While not a comprehensive list, the following undergraduate courses reflect the themes of the Ordered Liberty Project. Courses like these invite students to grapple with enduring questions about freedom, citizenship, morality, and democracy from multiple disciplinary perspectives. Together, they embody the spirit of the Ordered Liberty Project by cultivating the habits of mind and civic virtues that sustain a free and self-governing society.

1776, Then and Now

(Spring 2026 only)

This course, being offered during America’s 250th anniversary, will explore the origin of the United States through the lens of the American Revolution. The class will examine the founding of the U.S. from multiple perspectives and points of view, as well as the continuing relevance and consequences of those events. What happened, how did it happen, and why does it still matter? With lectures by renowned professors from WashU and around the country, we will invite students to investigate broad-ranging viewpoints on the American Revolution and independence.

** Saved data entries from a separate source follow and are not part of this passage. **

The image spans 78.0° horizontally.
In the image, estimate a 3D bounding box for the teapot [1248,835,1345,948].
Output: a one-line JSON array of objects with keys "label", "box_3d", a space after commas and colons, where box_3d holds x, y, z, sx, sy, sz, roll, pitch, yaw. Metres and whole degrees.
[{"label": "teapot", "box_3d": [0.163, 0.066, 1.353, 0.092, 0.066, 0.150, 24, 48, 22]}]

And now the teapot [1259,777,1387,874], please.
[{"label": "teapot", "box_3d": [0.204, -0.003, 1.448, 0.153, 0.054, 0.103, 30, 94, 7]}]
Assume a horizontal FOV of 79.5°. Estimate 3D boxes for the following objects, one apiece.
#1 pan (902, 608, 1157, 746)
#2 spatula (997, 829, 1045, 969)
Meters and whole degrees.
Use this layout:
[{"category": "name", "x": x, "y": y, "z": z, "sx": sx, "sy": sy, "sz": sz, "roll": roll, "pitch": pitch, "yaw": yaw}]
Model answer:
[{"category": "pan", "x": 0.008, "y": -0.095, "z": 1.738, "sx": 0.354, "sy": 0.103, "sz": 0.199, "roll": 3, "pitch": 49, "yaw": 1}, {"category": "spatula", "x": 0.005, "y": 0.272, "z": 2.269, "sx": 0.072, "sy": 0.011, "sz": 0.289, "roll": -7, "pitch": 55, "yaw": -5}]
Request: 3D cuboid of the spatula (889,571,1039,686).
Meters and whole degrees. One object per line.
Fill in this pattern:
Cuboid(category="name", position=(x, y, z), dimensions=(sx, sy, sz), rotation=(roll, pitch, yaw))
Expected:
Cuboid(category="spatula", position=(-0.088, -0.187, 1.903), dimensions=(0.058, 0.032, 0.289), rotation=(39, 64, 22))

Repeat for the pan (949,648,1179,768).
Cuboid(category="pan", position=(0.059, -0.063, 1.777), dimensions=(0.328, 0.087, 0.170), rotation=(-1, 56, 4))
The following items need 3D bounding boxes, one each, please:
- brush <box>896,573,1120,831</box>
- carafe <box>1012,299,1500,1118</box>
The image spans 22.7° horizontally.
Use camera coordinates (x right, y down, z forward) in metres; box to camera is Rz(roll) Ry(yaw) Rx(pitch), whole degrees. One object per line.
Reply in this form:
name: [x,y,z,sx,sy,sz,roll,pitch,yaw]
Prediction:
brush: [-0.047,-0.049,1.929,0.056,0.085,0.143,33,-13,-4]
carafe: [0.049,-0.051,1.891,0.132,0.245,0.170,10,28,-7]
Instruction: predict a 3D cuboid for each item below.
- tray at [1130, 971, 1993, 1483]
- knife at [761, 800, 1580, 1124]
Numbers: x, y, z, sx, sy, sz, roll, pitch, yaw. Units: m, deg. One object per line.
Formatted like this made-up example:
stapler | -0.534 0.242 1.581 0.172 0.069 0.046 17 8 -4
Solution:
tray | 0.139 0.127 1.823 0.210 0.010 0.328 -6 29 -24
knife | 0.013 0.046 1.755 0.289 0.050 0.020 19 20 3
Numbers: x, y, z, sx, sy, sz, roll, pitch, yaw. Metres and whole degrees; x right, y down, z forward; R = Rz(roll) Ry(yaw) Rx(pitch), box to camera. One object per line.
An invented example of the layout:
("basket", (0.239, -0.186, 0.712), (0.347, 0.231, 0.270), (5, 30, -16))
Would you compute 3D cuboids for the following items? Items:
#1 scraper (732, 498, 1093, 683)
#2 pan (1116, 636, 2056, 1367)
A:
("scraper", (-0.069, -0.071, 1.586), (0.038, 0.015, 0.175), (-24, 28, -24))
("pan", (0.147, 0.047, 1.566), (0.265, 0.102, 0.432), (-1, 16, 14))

Disagreement, Extremism, and Polarization

In this course, students will study disagreement, extremism, and polarization using insights and methods from philosophy, political science, and empirical psychology, with the aim of understanding these phenomena and the social and political challenges they pose. Questions will include whether it is possible for reasonable people to disagree, whether democratic deliberation requires a background of agreement or shared facts, how our moral psychology shapes our political beliefs, whether prejudice and bias can be eliminated from political thinking, and whether there are some political positions that are so extreme they should not be taken seriously.

Free Speech from Spinoza to Trump

This course introduces students to contemporary issues of free speech, including hate speech, the freedom to protest, and social media regulation, and provides a survey of the philosophical and legal history of the principle of freedom of expression. Students will study what Baruch Spinoza, John Locke, John Stuart Mill, and the U.S. Supreme Court have said about free speech over the years, before turning to contemporary debates about the validity and scope of free speech.

Free Speech on Campus

Co-taught by Chancellor Andrew Martin and Lee Epstein, the Ethan A.H. Shepley Distinguished University Professor, this course, through a series of case studies, explores how the First Amendment’s guarantees of freedom of speech and association play out in colleges and universities. Readings consist of court decisions, theories, and commentary on free expression, as well as background material on the real-world controversies we analyze.

History of Political Thought

This course offers a critical introduction to the main issues and debates in western political theory, including but not limited to the topics of justice, legitimacy, equality, democracy, liberty, sovereignty, and the role of history in the political and social world. This course is designed to be the first in a three-semester sequence on the history of political thought. The first semester begins with ancient Greek political thought and follows its development up to the early 16th century.

Morality & Markets

Co-taught by English and business faculty, this course uses literature, film, and television to examine and better understand the complex pressures that inform moral choices in a market society. By drawing on tools from modern psychology and business strategy, students learn to think more critically about the relationship between individual morality, free markets, and the societies they both inhabit.

Public Opinion and American Democracy

This course focuses on three key questions in the field of American political behavior: How do we measure public opinion? Which elected officials listen to public opinion? And how can we change public opinion? Students begin the semester by writing letters to each other explaining their political beliefs — a project inspired by Founding Fathers John Adams and Thomas Jefferson. Adams famously wrote to Jefferson, “You and I ought not to die before we have explained ourselves to each other.” Jefferson later echoed the statement.

Social Identity and Democratic Deliberation

In this course, students will be exposed to theories of democratic deliberation, standpoint theories in epistemology, and theories of epistemic injustice, and they will be asked to explore several ameliorative theories. Democracy is committed to citizens’ status as political equals, including the right to have an equal say in determining our joint political future. But many core deliberative practices, including argument and testimony, are distorted by individuals’ social identities. The class will proceed according to the following questions: How should argument and testimony work in a democracy? How does social identity, including gender, race, and class, impact us as political agents within a deliberative context? How does our social identity affect our practices of knowledge acquisition, maintenance, and transmission?

The Good Life Between Religion and Politics

This course considers the way religious and political thought has shaped considerations of the classical ethical question of how we should live, and the ways that ethics have often served to connect religion and politics in thought and practice. Do we need a religious basis to answer ethical questions, or can we determine how to live without religious sources of authority? On what basis, and with what capacities, can we imagine new answers to ethical questions — in community or on our own? Taking a philosophical approach through both classic and modern texts, we will consider a range of answers to the question of how we should live, and a range of strategies for imagining the inquiry.

The Practice of Citizenship

This course examines citizenship as both a practice of democratic life and a solution to cooperation problems. It integrates political theory, American political voices, and empirical political science to ask the following questions: What civic capacities sustain democracy, and what obligations do citizens and institutions share in cultivating them? Students engage with classic political thinkers from Aristotle to Martin Luther King Jr., analyze modern empirical studies on trust, polarization, and civic education, and reflect on WashU’s role in preparing citizens.